Die Ereignisse von 1482/1483 konzentrieren die verschiedenen Aspekte der politischen und sozialen Situation Hamburgs im späteren Mittelalter wie in einem Brennglas. So gewann die Einbindung Hamburgs in die Hanse seit dem 13. Jahrhundert stetig an Bedeutung, auch wenn sich die Kaufleute (und die Stadt) gelegentlich – wie bei der Aufnahme der Islandfahrt – über die hansischen Beschlüsse hinwegsetzten. Diese Haltung zeigt ein gewachsenes städtisches Selbstbewusstsein, das auch im Ausbau der Elbhoheit fassbar wird. Der in der Stadt selbst geführte Streit um die Islandfahrt macht zugleich die verschiedenen Interessen der sozialen Schichten Hamburgs deutlich.

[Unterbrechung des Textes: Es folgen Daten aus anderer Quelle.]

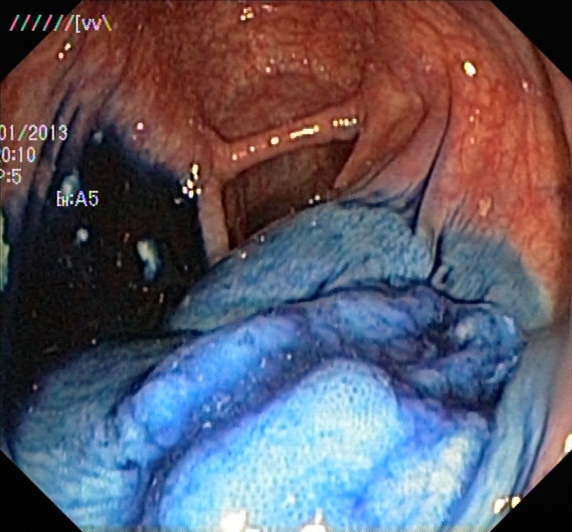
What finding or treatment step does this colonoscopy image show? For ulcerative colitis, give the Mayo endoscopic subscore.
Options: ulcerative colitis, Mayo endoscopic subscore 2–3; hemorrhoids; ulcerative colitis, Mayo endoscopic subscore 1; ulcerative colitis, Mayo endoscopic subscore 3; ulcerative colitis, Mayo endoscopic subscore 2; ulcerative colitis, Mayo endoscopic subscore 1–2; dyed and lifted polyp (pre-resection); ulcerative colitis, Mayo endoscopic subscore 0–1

dyed and lifted polyp (pre-resection)
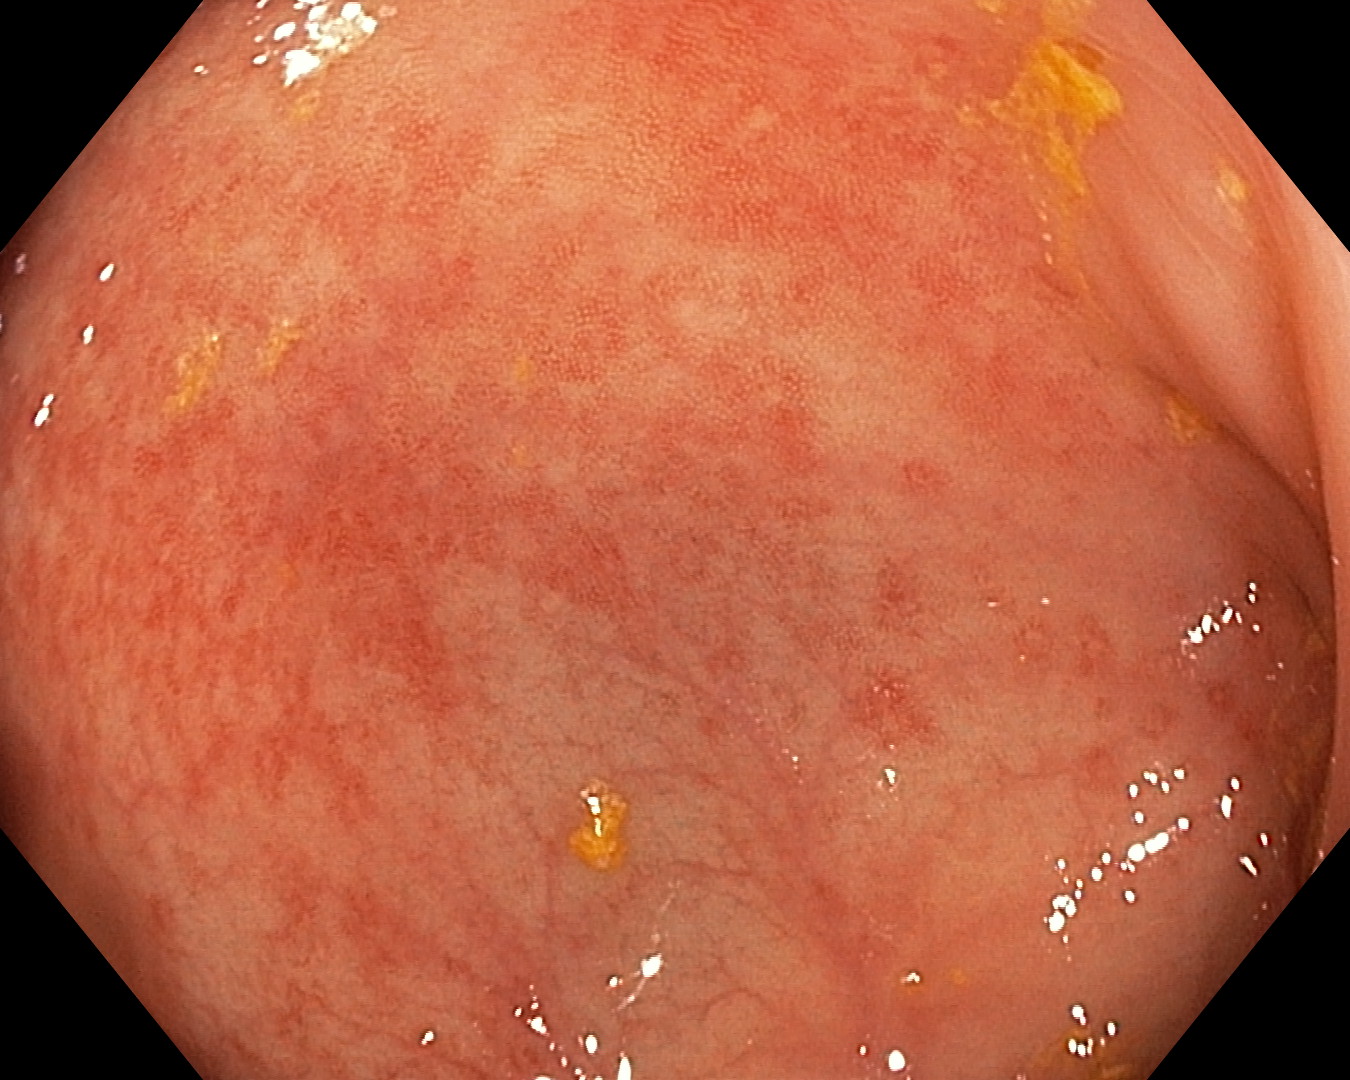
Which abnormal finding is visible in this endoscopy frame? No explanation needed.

erythema
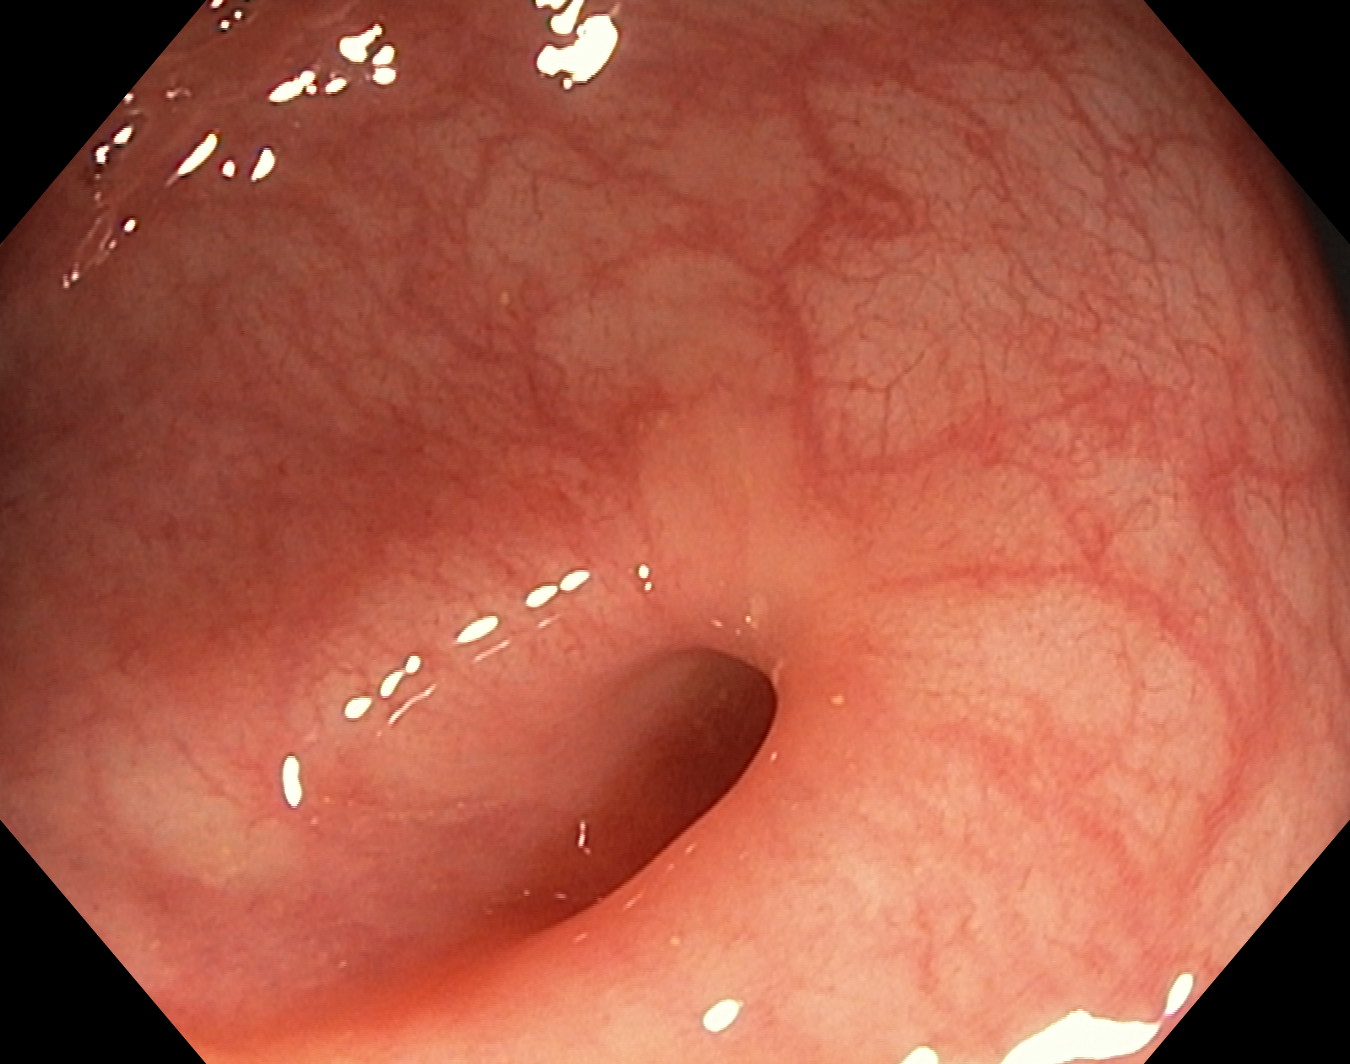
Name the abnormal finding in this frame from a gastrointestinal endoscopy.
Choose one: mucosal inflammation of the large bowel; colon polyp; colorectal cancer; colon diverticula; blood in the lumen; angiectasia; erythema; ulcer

colon diverticula
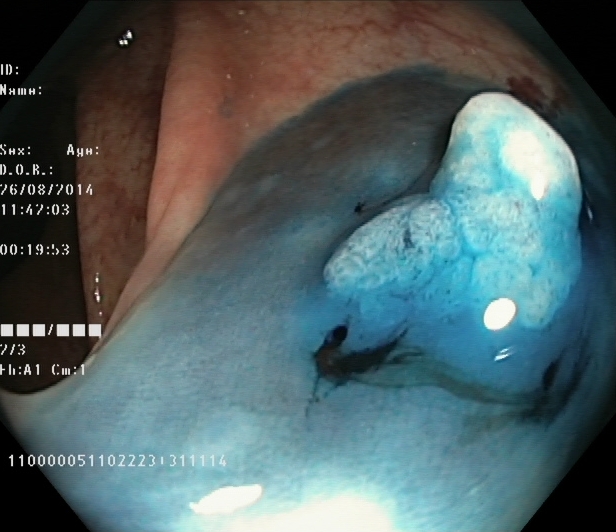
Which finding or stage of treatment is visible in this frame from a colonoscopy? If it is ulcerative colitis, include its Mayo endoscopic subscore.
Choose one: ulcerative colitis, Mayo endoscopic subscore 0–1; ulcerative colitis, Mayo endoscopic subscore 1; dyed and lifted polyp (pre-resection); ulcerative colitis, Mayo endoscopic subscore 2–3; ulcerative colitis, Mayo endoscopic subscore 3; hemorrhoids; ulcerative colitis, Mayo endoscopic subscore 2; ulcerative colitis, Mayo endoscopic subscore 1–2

dyed and lifted polyp (pre-resection)
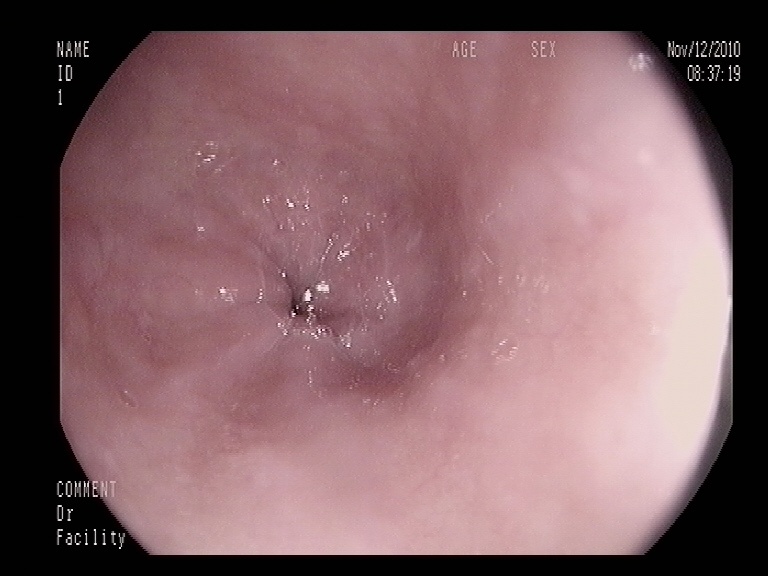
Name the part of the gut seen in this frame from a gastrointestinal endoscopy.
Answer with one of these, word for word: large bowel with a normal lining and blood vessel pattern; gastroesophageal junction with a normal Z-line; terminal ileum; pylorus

Neben den Armen, die nach Krantz unmittelbar von der Teuerung betroffen waren (und keine Bürgerrechte besaßen), gab es unter den Bürgern eine Schicht kleinerer Brauer und Händler, die ebenfalls durch die städtische Wirtschaftspolitik benachteiligt wurden. Die Rezesse, die seit dem Aufstand von 1410 zwischen Rat und Bürgerschaft vereinbart wurden und sich trotz der Aufhebung des ersten Rezesses schon 1417 zu einer eigenständigen Tradition entwickelten, bildeten dagegen ein Instrument des Ausgleichs in Krisensituationen. Diese Entwicklung ergänzte die Ausbildung des Stadtrechts, das mit der Revision von 1497 einen vorläufigen Abschluss erfuhr.

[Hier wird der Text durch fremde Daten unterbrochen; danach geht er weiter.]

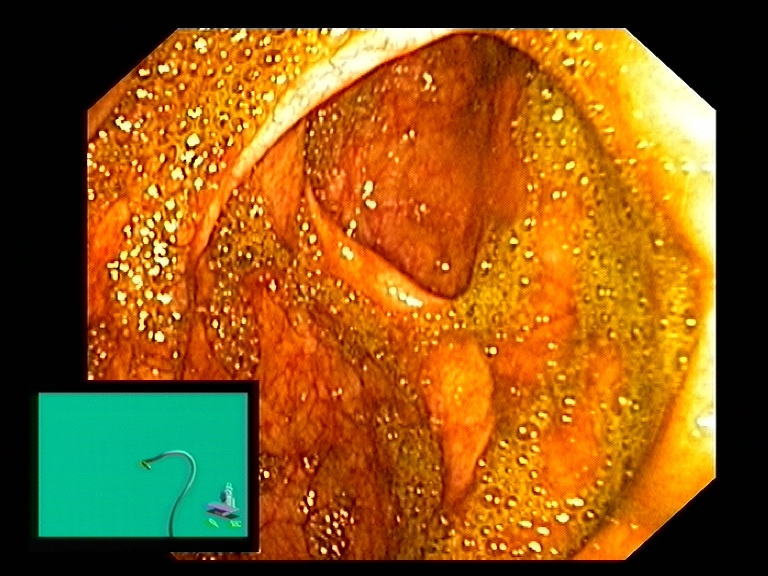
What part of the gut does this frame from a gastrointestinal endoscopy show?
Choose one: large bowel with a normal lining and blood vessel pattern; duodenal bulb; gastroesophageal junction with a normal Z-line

large bowel with a normal lining and blood vessel pattern
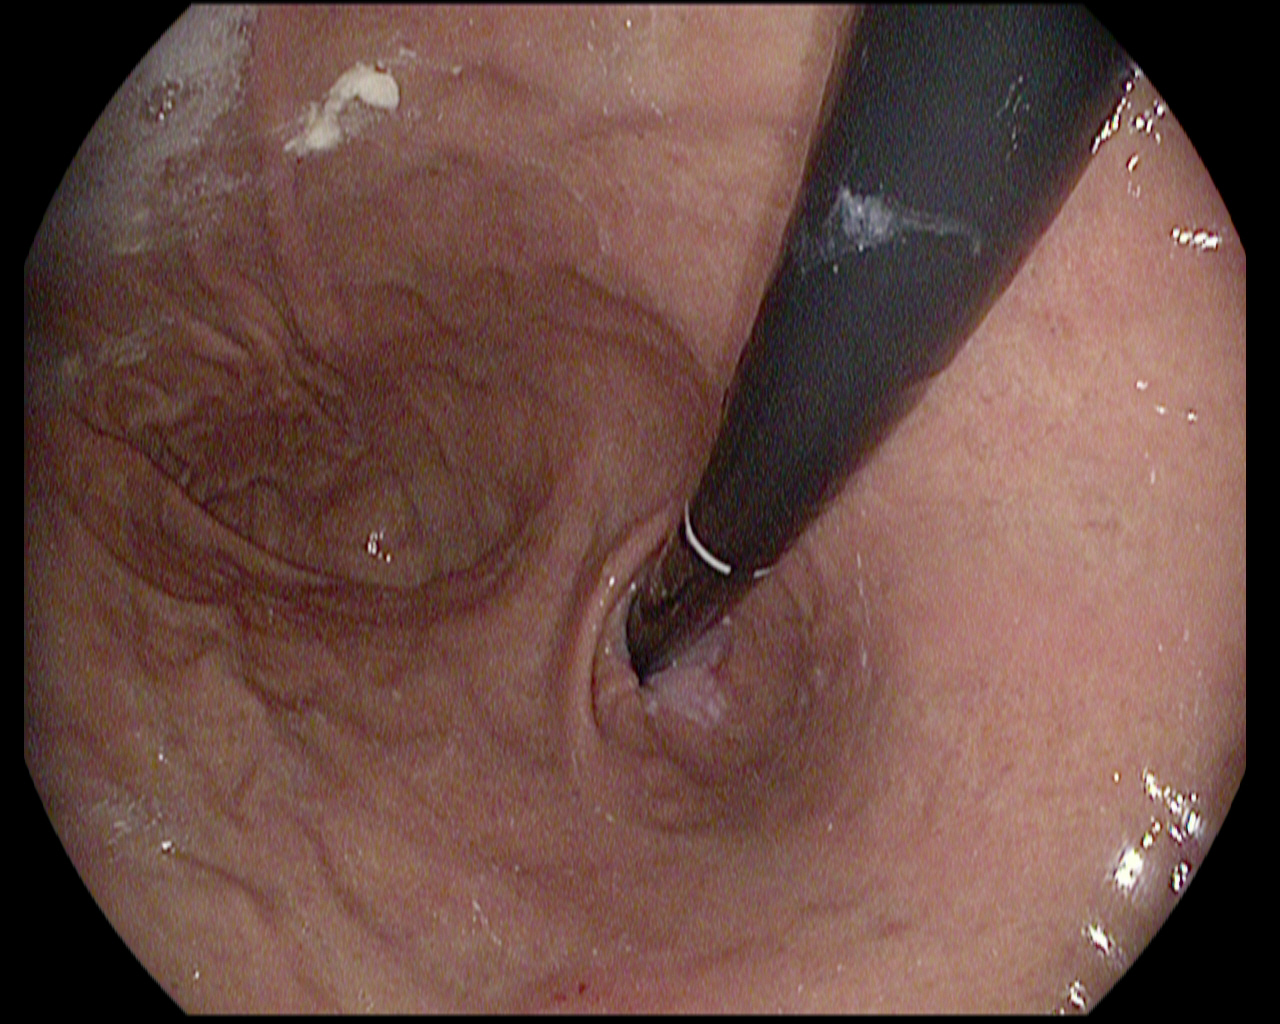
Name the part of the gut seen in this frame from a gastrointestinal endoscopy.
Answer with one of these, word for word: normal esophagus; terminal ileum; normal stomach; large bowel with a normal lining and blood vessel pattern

normal stomach

Noch vor der Verabschiedung des Rezesses von 1483 hatte der Rat die Bürger durch einen Eid zu Treue und Gehorsam verpflichtet. Dieser Eid wurde durch den letzten der 70 Artikel zum allgemein verpflichtenden Bürgereid erhoben. Bis 1844 musste er in dieser Form  von allen Neubürgern geleistet werden. Im Gegenzug versprachen Bürgermeister und Ratsherren die Einhaltung der Rezessartikel. Die Rezesse waren damit zu einem wichtigen Element des Hamburger Stadtrechts geworden und begründeten eine bis ins 19. Jahrhundert wirksame Rechtstradition.

 

Bildnachweise:

Abb. Titelfeld: Von den Vormündern (Ausschnitt), Ratsrunde aus dem Stadtrecht 1497, © HAB http://digilib.hab.de/mss/ed000058/start.thm?image=00204.

Abb. Thementext: Van erve, eghen unde hure daran kamende (Ausschnitt), Gerichtsverhandlung aus dem Stadtrecht 1497, © HAB http://digilib.hab.de/mss/ed000058/start.thm?image=00288 / Epitaph von Albert Krantz im MHG (Ausschnitt), Foto Dominik Kloss.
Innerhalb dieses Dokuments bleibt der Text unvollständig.